> [WHAT NEEDS TO BE DONE]: Search the listing below for the string "Rationale" and show each line that contains it.

SOURCE INFORMATION START

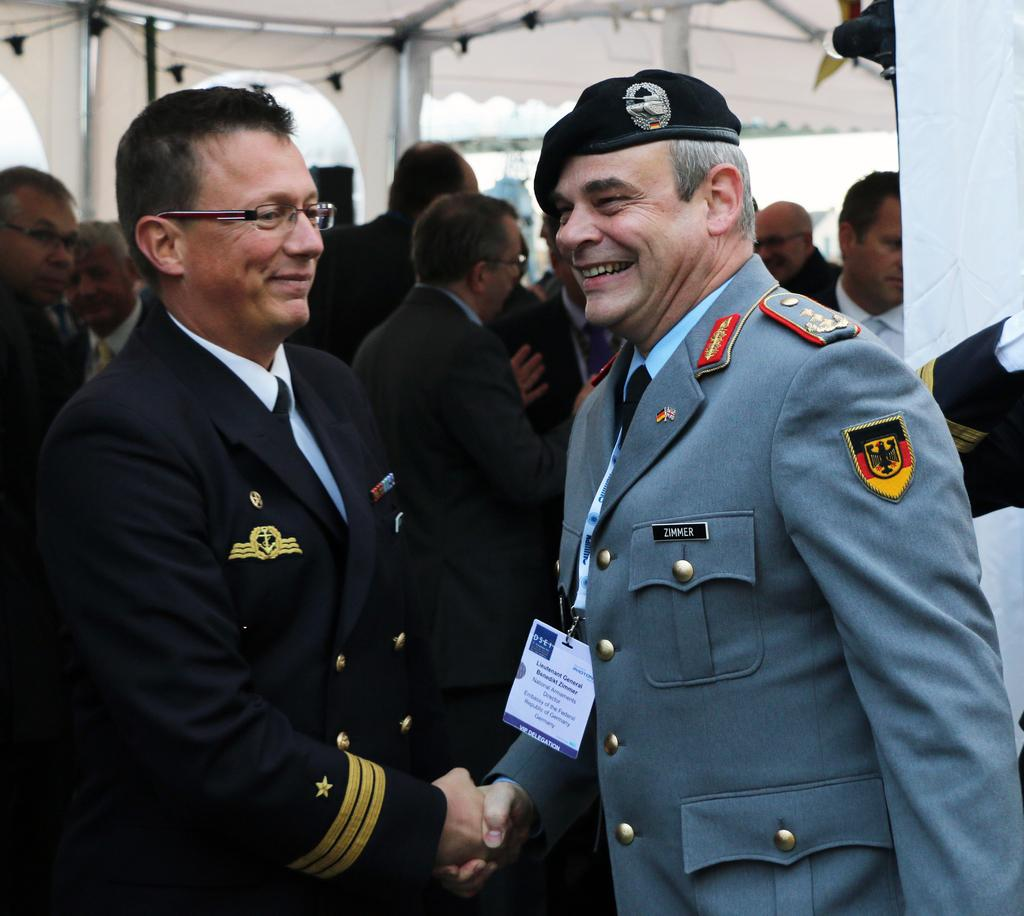How many people are in the image? There are two men in the image. What are the men doing in the image? The men are standing and shaking hands. What is the facial expression of the men in the image? The men are smiling in the image. What can be seen in the background of the image? There is a group of people and a tent in the background of the image. What type of curtain is hanging in the background of the image? There is no curtain present in the image. What flavor of mint is being shared between the men in the image? There is no mint present in the image; the men are shaking hands. 
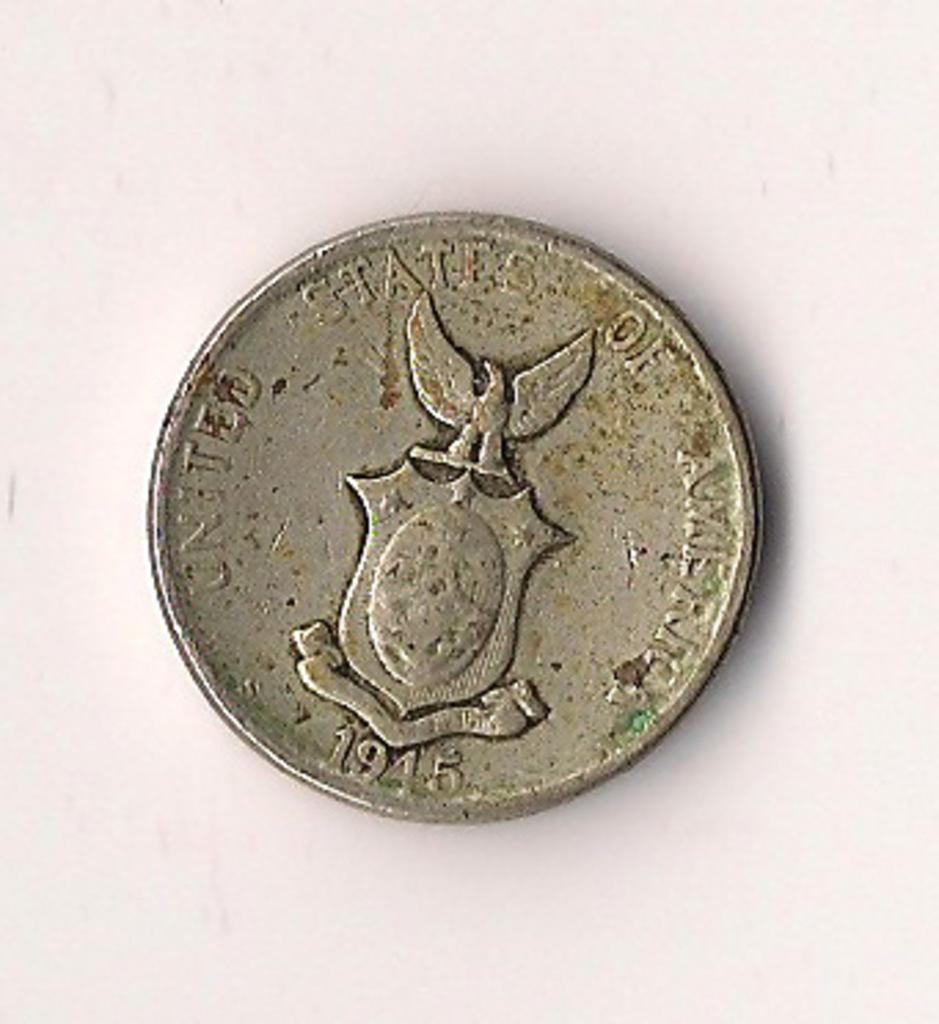What year is displayed on the coin?
Keep it short and to the point. 1945. 
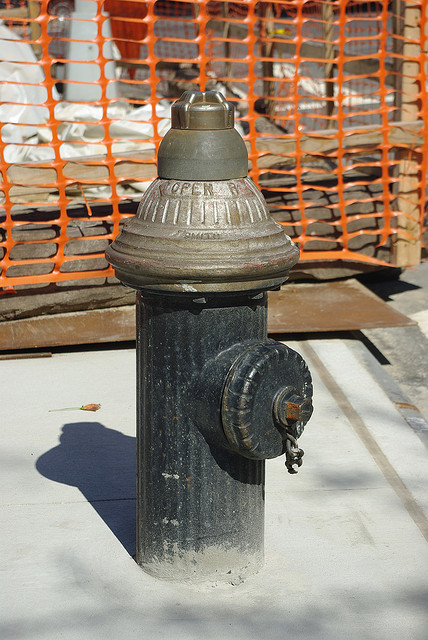Identify the text displayed in this image. OPEN 
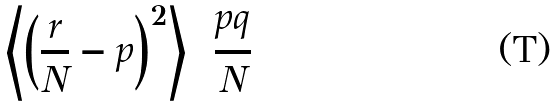Convert formula to latex. <formula><loc_0><loc_0><loc_500><loc_500>\left \langle \left ( \frac { r } { N } - p \right ) ^ { 2 } \right \rangle = \frac { p q } { N }</formula> 
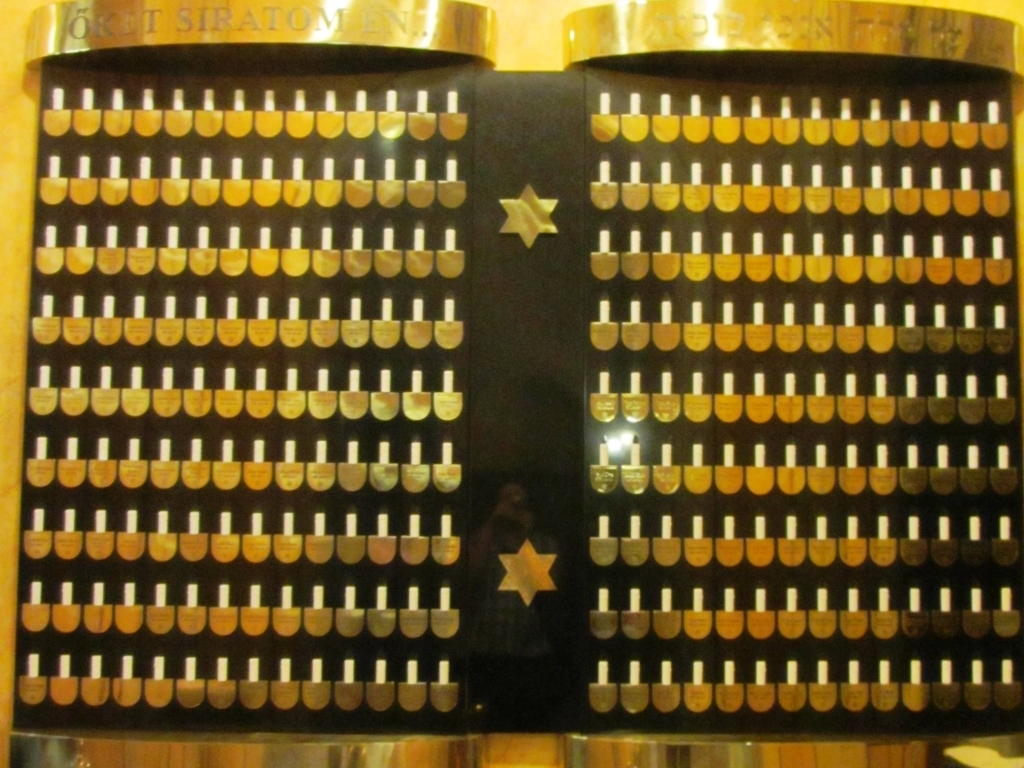Could you explain how this device might have been operated? Each column of keys likely corresponds to a digit in a number, and pressing down on a key would enter that digit into the machine. Calculations were performed by a series of gears and levers inside the device, and results would be displayed on dials or another form of readout not visible in this image. 
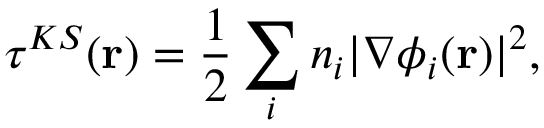<formula> <loc_0><loc_0><loc_500><loc_500>\tau ^ { K S } ( r ) = \frac { 1 } { 2 } \sum _ { i } n _ { i } | \nabla \phi _ { i } ( r ) | ^ { 2 } ,</formula> 
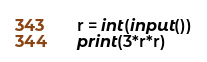Convert code to text. <code><loc_0><loc_0><loc_500><loc_500><_Python_>r = int(input())
print(3*r*r)</code> 
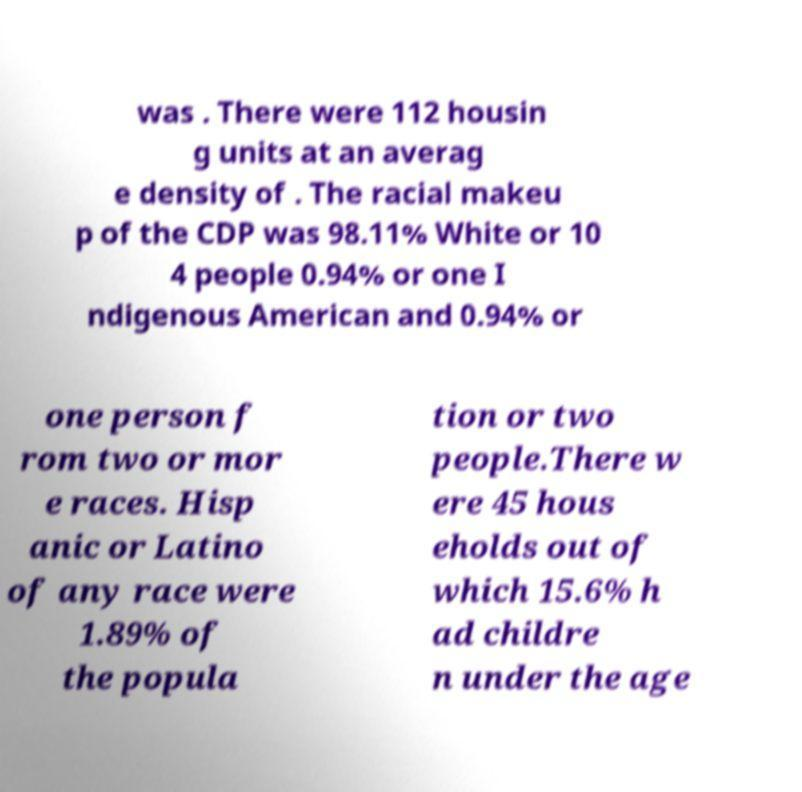Please identify and transcribe the text found in this image. was . There were 112 housin g units at an averag e density of . The racial makeu p of the CDP was 98.11% White or 10 4 people 0.94% or one I ndigenous American and 0.94% or one person f rom two or mor e races. Hisp anic or Latino of any race were 1.89% of the popula tion or two people.There w ere 45 hous eholds out of which 15.6% h ad childre n under the age 
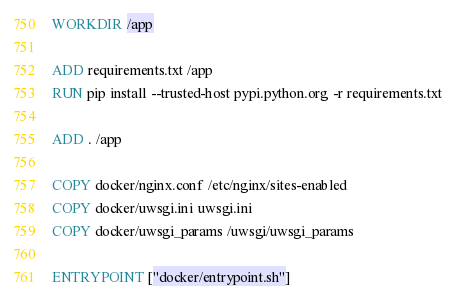Convert code to text. <code><loc_0><loc_0><loc_500><loc_500><_Dockerfile_>
WORKDIR /app

ADD requirements.txt /app
RUN pip install --trusted-host pypi.python.org -r requirements.txt

ADD . /app

COPY docker/nginx.conf /etc/nginx/sites-enabled
COPY docker/uwsgi.ini uwsgi.ini
COPY docker/uwsgi_params /uwsgi/uwsgi_params

ENTRYPOINT ["docker/entrypoint.sh"]</code> 
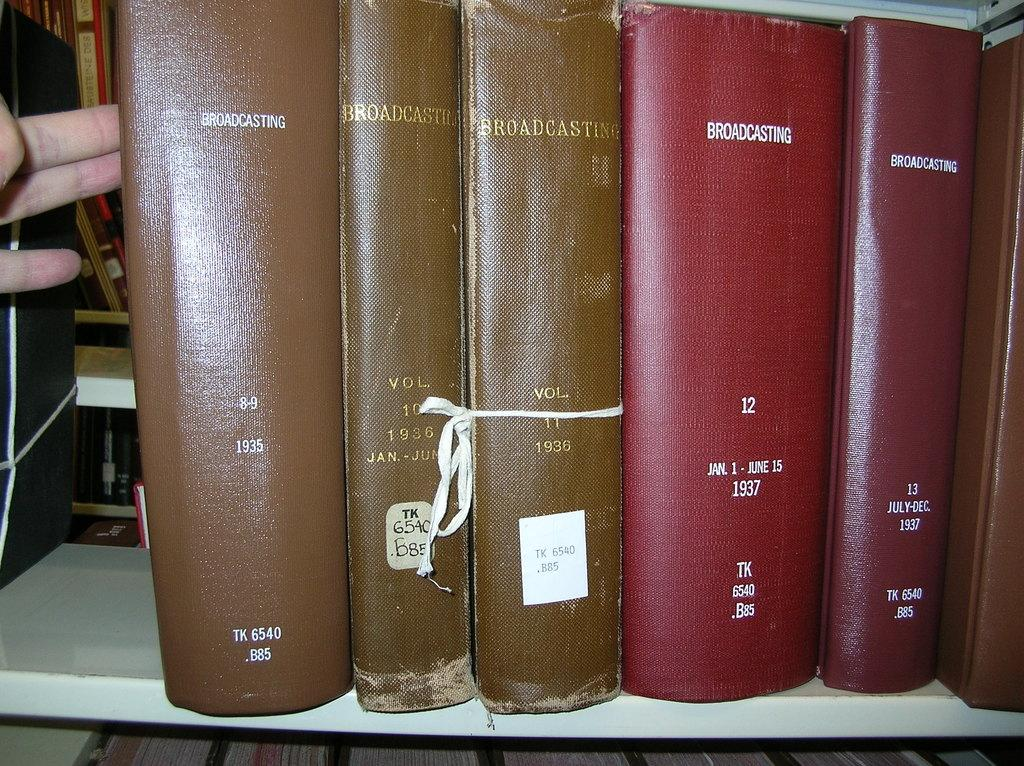<image>
Relay a brief, clear account of the picture shown. A collection of broadcasting books from 1935 to 1937. 
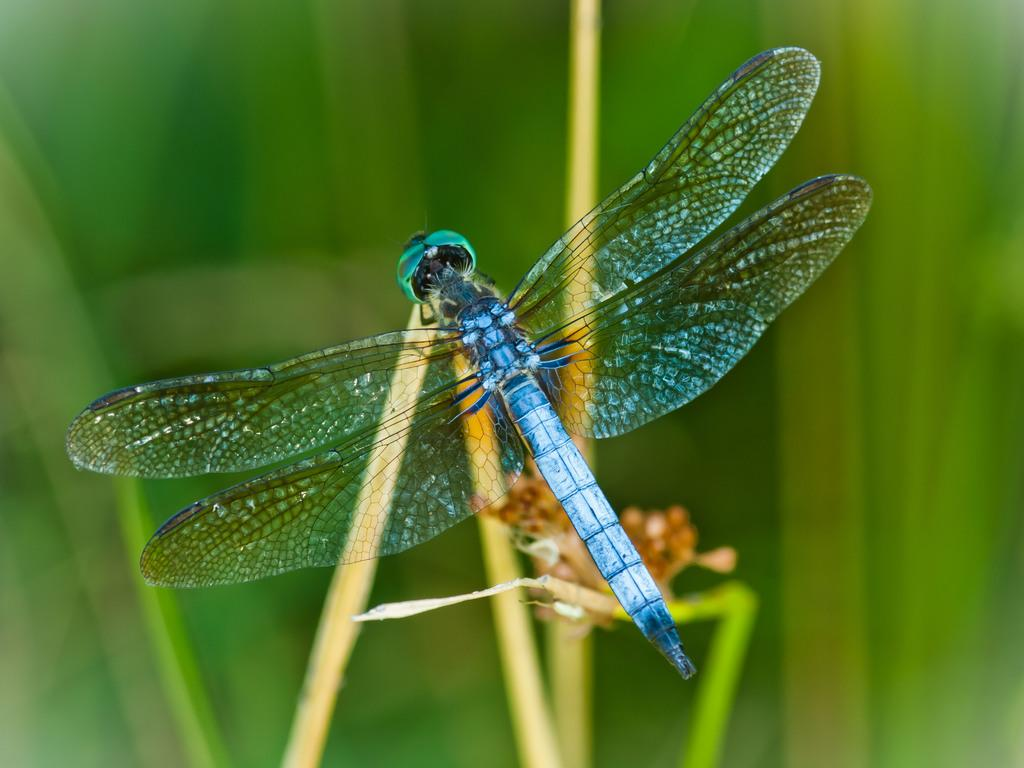What is present in the image? There is an insect in the image. Where is the insect located? The insect is on the stem of a plant. What type of fang can be seen on the insect in the image? There is no fang visible on the insect in the image. How does the insect transport itself in the image? The insect does not transport itself in the image; it is stationary on the stem of the plant. 
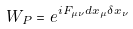Convert formula to latex. <formula><loc_0><loc_0><loc_500><loc_500>W _ { P } = e ^ { i F _ { \mu \nu } d x _ { \mu } \delta x _ { \nu } }</formula> 
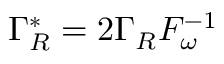Convert formula to latex. <formula><loc_0><loc_0><loc_500><loc_500>\Gamma _ { R } ^ { * } = 2 \Gamma _ { R } F _ { \omega } ^ { - 1 }</formula> 
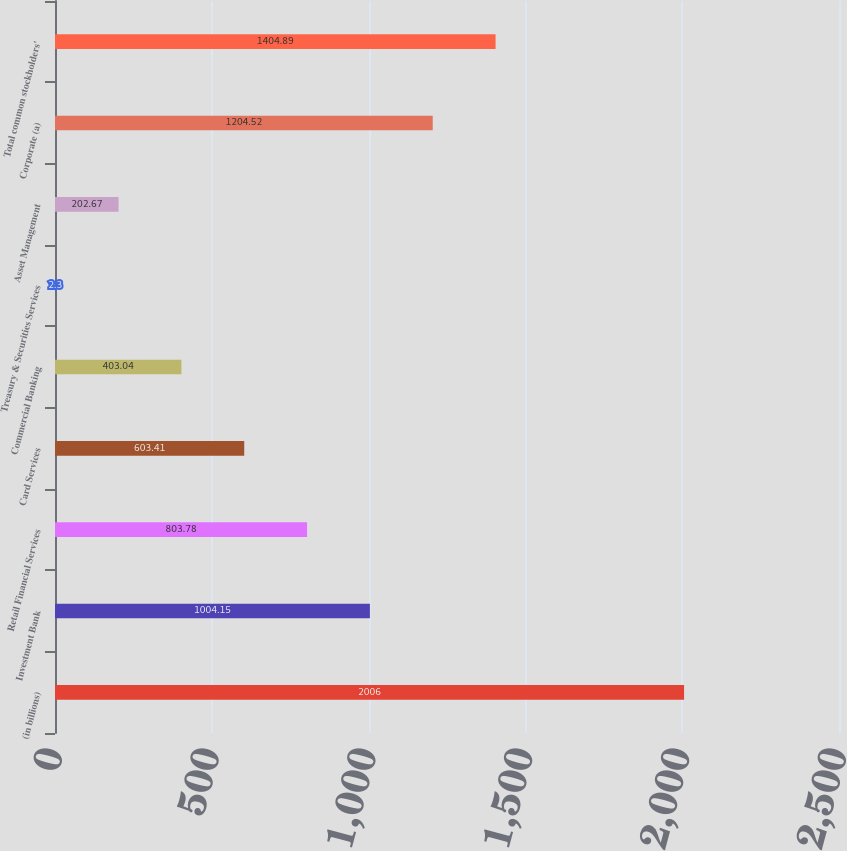<chart> <loc_0><loc_0><loc_500><loc_500><bar_chart><fcel>(in billions)<fcel>Investment Bank<fcel>Retail Financial Services<fcel>Card Services<fcel>Commercial Banking<fcel>Treasury & Securities Services<fcel>Asset Management<fcel>Corporate (a)<fcel>Total common stockholders'<nl><fcel>2006<fcel>1004.15<fcel>803.78<fcel>603.41<fcel>403.04<fcel>2.3<fcel>202.67<fcel>1204.52<fcel>1404.89<nl></chart> 
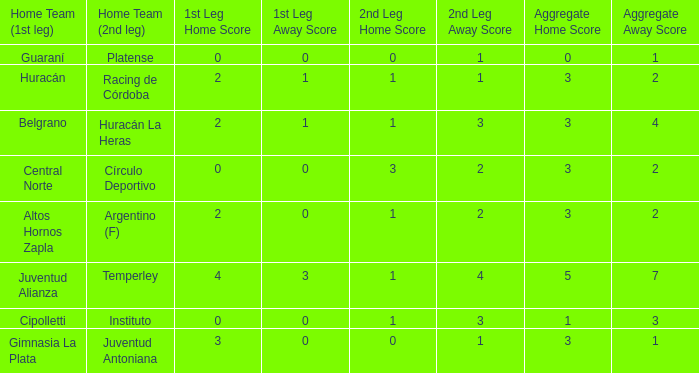Which team played their first leg at home with an aggregate score of 3-4? Belgrano. Give me the full table as a dictionary. {'header': ['Home Team (1st leg)', 'Home Team (2nd leg)', '1st Leg Home Score', '1st Leg Away Score', '2nd Leg Home Score', '2nd Leg Away Score', 'Aggregate Home Score', 'Aggregate Away Score'], 'rows': [['Guaraní', 'Platense', '0', '0', '0', '1', '0', '1'], ['Huracán', 'Racing de Córdoba', '2', '1', '1', '1', '3', '2'], ['Belgrano', 'Huracán La Heras', '2', '1', '1', '3', '3', '4'], ['Central Norte', 'Círculo Deportivo', '0', '0', '3', '2', '3', '2'], ['Altos Hornos Zapla', 'Argentino (F)', '2', '0', '1', '2', '3', '2'], ['Juventud Alianza', 'Temperley', '4', '3', '1', '4', '5', '7'], ['Cipolletti', 'Instituto', '0', '0', '1', '3', '1', '3'], ['Gimnasia La Plata', 'Juventud Antoniana', '3', '0', '0', '1', '3', '1']]} 
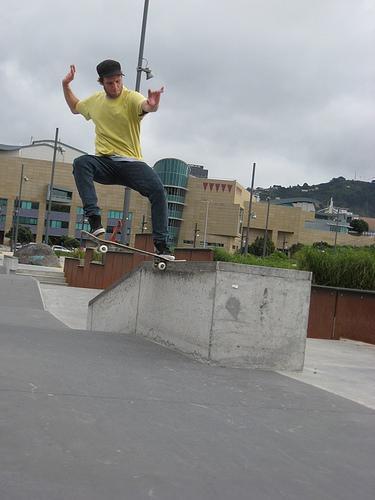What kind of trick is this skateboarder performing?
Choose the correct response and explain in the format: 'Answer: answer
Rationale: rationale.'
Options: Tail slide, rail slide, truck grind, nose grind. Answer: tail slide.
Rationale: The skateboarder is performing a slide with the tail of the skateboard. 
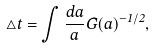Convert formula to latex. <formula><loc_0><loc_0><loc_500><loc_500>\triangle t = \int \frac { d a } { a } G ( a ) ^ { - 1 / 2 } ,</formula>

SOURCE INFORMATION END

> [WRITTEN RESPONSE]:
Rationale: rationale.'
Rationale: The skateboarder is performing a slide with the tail of the skateboard. 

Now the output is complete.